The researchers said their findings could lead to improved diagnostic methods and new ways to support communication between autistic and nonautistic individuals.
By using accessible tools such as smartphone cameras powered by AI, this study paves the way for more inclusive and real-world autism research, Torres added.
Study co-authors included Bermperidis; former and current doctoral students Richa Rai and Joe Vero; and Neel Drain, a student at Robert Wood Johnson Medical School.
Funding: The research was funded by the Nancy Lurie Marks Family Foundation.
About this autism and emotion research news
Author: Megan Schumann
Source: Rutgers
Contact: Megan Schumann – Rutgers
Image: The image is credited to Neuroscience News
Original Research: Open access.
“Hidden social and emotional competencies in autism spectrum disorders captured through the digital lens” by Elizabeth Torres et al. Frontiers in Psychiatry
Abstract
Hidden social and emotional competencies in autism spectrum disorders captured through the digital lens
Background/objectives: The current deficit model of autism leaves us ill-equipped to connect with persons on the spectrum, thus creating disparities and inequalities in all aspects of social exchange in which autistic individuals try to participate.
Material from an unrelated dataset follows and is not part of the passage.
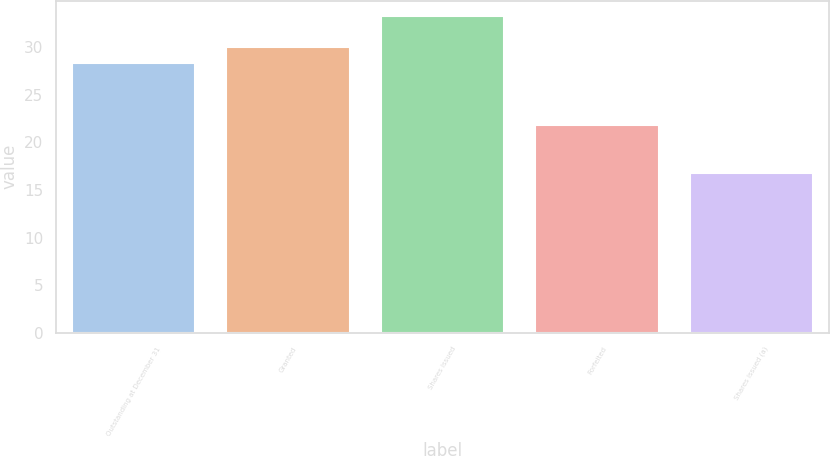Convert chart to OTSL. <chart><loc_0><loc_0><loc_500><loc_500><bar_chart><fcel>Outstanding at December 31<fcel>Granted<fcel>Shares issued<fcel>Forfeited<fcel>Shares issued (a)<nl><fcel>28.39<fcel>30.03<fcel>33.25<fcel>21.83<fcel>16.83<nl></chart>

Traditional research models also tend to follow the clinical definition of impairments in social communication and emotions without offering personalized therapeutic help to autistic individuals. There is a critical need to redefine autism with the aim of co-adapting and connecting with this exponentially growing sector of society.
Here, we hypothesize that there are social and emotional competencies hidden in the movements’ nuances that escape the naked eye. Further, we posit that we can extract such information using highly scalable means such as videos from smartphones.
Methods: Using a phone/tablet app, we recorded brief face videos from 126 individuals (56 on the spectrum of autism) to assess their facial micro-motions during several emotional probes in relation to their resting state.
We extracted the micro-movement spikes (MMSs) from the motion speed along 68 points of the OpenFace grid and empirically determined the continuous family of probability distribution functions best characterizing the MMSs in a maximum likelihood sense.
Further, we analyzed the action units across the face to determine their presence and intensity across the cohort.
Results: We find that the continuous Gamma family of probability distribution functions describes best the empirical face speed variability and offers several parameter spaces to automatically classify participants.
Unambiguous separation at rest denotes marked differences in stochastic patterns between neurotypicals and autistic individuals amenable to further separate autistic individuals according to the required level of support.
Both groups have comparable action units present during emotional probes. They, however, operate within parameter ranges that fall outside our perceptual umwelt and, as such, do not meet our expectations from prior experiences. We cannot detect them.
Conclusions: This work offers new methods to detect hidden facial features and begin the path of augmenting our perception to include those signatures of the autism spectrum that can enhance our capacity for social interactions, communication, and emotional support to meet theirs.